Las mejillas pálidas de mi madre se sonrojan de repente, como si hubiera dado una pincelada de rojo intenso en cada una de ellas.
—Es… muy… complicado, Ella.
—¿¡Por qué!? —Intento tragar saliva, pero tengo un cuchillo en la garganta—. Siempre me dices que está fuera de nuestras vidas y que es mejor así. Y claro, así nunca voy a saber lo que pasó… —unas lágrimas de frustración me aguijonean los ojos—, o por qué nos abandonó… —las facciones de mi madre se han emborronado—, o si volveré a verlo alguna vez. —Una lágrima me resbala por la mejilla—. Y por eso…, por eso… yo…
En un arrebato, me agacho y alargo la mano por debajo de la cama, para arrastrar una caja escondida. En la tapa pone «Ravel» y en ella iban las mejores botas de mamá. Me pongo de pie y la coloco encima de la cama. Mi madre la mira; luego, con ojos ansiosos, me mira a mí, se sienta junto a la caja y levanta la tapa…
El primer dibujo es reciente, lo hice con tinta y plumilla, y le puse unos toques de pastel blanco en la nariz, el pelo y los pómulos. Quedé muy satisfecha con el resultado, pues acababa de aprender a hacer contrastes y resaltar bien las facciones. Luego saca otros tres bocetos de mi padre, que hice a lápiz en primavera: con un cuidadoso sombreado, conseguí dar profundidad y expresividad a los ojos. Debajo hay diez o doce dibujos más antiguos en los que las proporciones están mal: la boca es demasiado pequeña o la frente muy ancha o la curva de la oreja demasiado alta. Luego vienen cinco bocetos más en los que no hay ni rastro de volumen ni sombras, con la cara tan plana y redonda como un plato.
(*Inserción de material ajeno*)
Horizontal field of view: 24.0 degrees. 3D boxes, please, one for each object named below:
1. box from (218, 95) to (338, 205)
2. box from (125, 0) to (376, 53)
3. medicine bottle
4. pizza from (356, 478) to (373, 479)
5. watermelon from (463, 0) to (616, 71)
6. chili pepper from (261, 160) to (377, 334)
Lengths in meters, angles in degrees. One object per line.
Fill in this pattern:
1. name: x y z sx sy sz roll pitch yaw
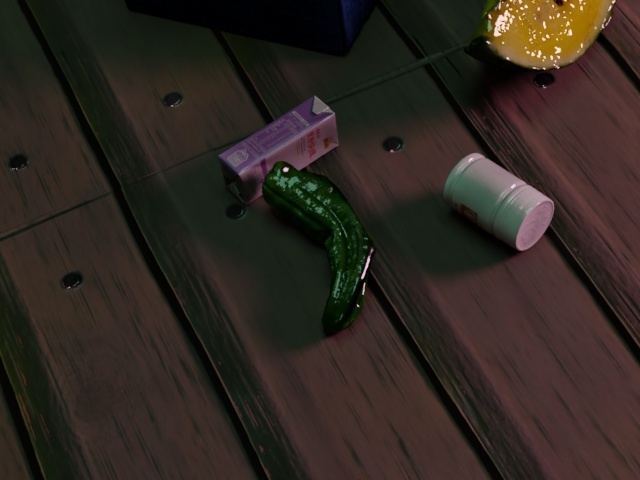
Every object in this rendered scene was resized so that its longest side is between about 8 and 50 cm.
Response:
1. box: -0.039 -0.086 1.433 0.117 0.050 0.036 -34 57 -16
2. box: -0.084 -0.341 1.492 0.261 0.279 0.116 16 56 19
3. medicine bottle: 0.160 -0.035 1.362 0.089 0.057 0.057 35 64 30
4. pizza: 0.072 0.251 1.164 0.160 0.036 0.099 33 63 29
5. watermelon: 0.226 -0.265 1.484 0.123 0.129 0.301 16 61 22
6. chili pepper: 0.007 0.000 1.362 0.073 0.050 0.182 -17 54 -14
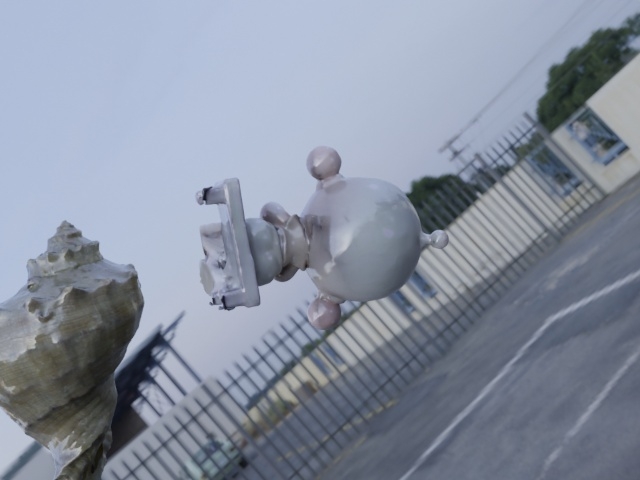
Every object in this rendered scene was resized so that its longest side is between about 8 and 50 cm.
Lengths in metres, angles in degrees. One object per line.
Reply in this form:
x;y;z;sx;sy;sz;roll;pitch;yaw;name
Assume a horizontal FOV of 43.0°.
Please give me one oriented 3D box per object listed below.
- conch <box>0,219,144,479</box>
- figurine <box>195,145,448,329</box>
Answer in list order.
-0.306;0.137;0.971;0.263;0.186;0.323;-23;-50;-80;conch
0.001;-0.006;0.861;0.257;0.181;0.144;-8;-17;-13;figurine
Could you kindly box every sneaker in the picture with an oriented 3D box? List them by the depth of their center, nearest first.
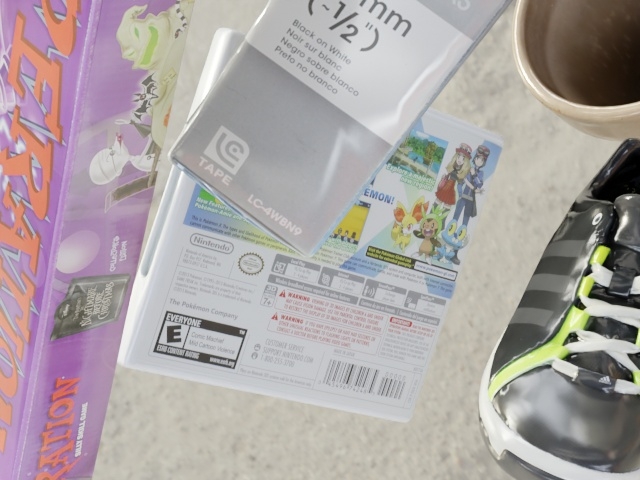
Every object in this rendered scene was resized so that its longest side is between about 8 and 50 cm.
[{"bbox_3d":[0.134,0.023,0.607,0.084,0.097,0.235,16,37,9],"label":"sneaker"}]

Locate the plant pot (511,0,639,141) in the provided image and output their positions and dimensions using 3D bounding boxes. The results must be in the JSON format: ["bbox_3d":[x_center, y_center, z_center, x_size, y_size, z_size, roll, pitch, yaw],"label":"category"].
[{"bbox_3d":[0.350,-0.182,1.217,0.263,0.229,0.263,-20,56,31],"label":"plant pot"}]

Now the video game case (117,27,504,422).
[{"bbox_3d":[0.000,0.000,1.156,0.036,0.329,0.300,22,95,55],"label":"video game case"}]

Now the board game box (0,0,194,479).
[{"bbox_3d":[-0.143,-0.047,0.516,0.056,0.347,0.208,-16,44,-42],"label":"board game box"}]

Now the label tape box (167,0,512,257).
[{"bbox_3d":[0.071,-0.187,0.743,0.348,0.115,0.249,-54,4,29],"label":"label tape box"}]
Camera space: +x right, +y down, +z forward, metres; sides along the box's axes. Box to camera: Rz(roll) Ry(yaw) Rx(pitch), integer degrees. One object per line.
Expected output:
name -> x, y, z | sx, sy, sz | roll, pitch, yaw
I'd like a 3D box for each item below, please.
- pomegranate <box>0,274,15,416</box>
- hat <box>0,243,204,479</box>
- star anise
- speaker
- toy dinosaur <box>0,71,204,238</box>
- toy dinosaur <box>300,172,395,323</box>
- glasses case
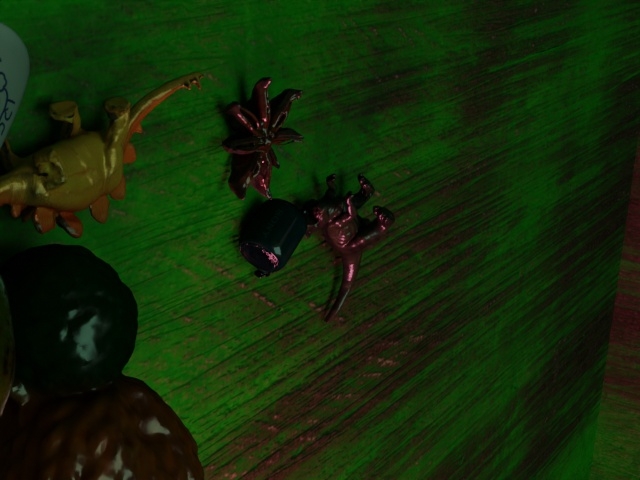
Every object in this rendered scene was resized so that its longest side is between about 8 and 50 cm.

Mamá saca varios dibujos hechos con rotulador en los que aparece mi padre de pie, con ella y conmigo, delante de una casa de ladrillos rojos, con unos peldaños negros que conducen a una puerta verde oscuro. También hay algunos dibujos de colores chillones en los que mi padre siempre sale al volante de un coche azul muy grande. Ahora mamá coge un collage de mi padre con escobones en lugar de piernas, la camisa y los pantalones hechos de fieltro de color malva, y el pelo con unas hebras de lana pegadas con cola. En los últimos dibujos, papá es poco más que un garabato. Debajo de ellos escribí: «papi», pero en uno me confundí y en lugar de «p» escribí «q», de forma que pone «qaqi».
—Cuántos hay… —murmura mi madre. Devuelve los dibujos a la caja, luego alarga el brazo para tomarme de la mano y me siento a su lado. La oigo tragar saliva—. Debería habértelo contado —dice con voz pausada—. Pero no sabía cómo…
—Pero… ¿por qué no? ¿Contarme qué?
—Porque… era… una pesadilla. —Hunde la barbilla, afligida—. Confiaba en poder retrasarlo hasta que fueras mayor…, pero hoy… has sacado el tema. —Se aprieta los labios con las yemas de los dedos, parpadea unas cuantas veces y expulsa el aire con un sonido triste y ahogado—. Está bien —susurra. Deja caer las manos sobre el regazo e inspira hondo. Entonces, mientras atruena la marcha nupcial que nos llega desde la abadía de Westminster, me habla, por fin, de mi padre. Y cuando me cuenta lo que hizo, siento de pronto cómo se desmorona mi mundo, como si algo grande y pesado acabara de chocar contra él…
Nos quedamos allí un buen rato y le hago unas cuantas preguntas, que ella responde. Después vuelvo a hacerle las mismas preguntas otra vez. Luego bajamos juntas, voy a buscar a Chloë, que sigue en el jardín, nos sentamos las tres delante de la tele y soltamos exclamaciones de admiración al ver lo bonito que es el vestido de seda ahuecado de Sarah Ferguson, con su cola de más de diecisiete pies de bordado de abeja. Al día siguiente bajo la caja a la cocina y saco todos los dibujos. Luego los meto uno por uno en el cubo de la basura y los empujo hasta el fondo.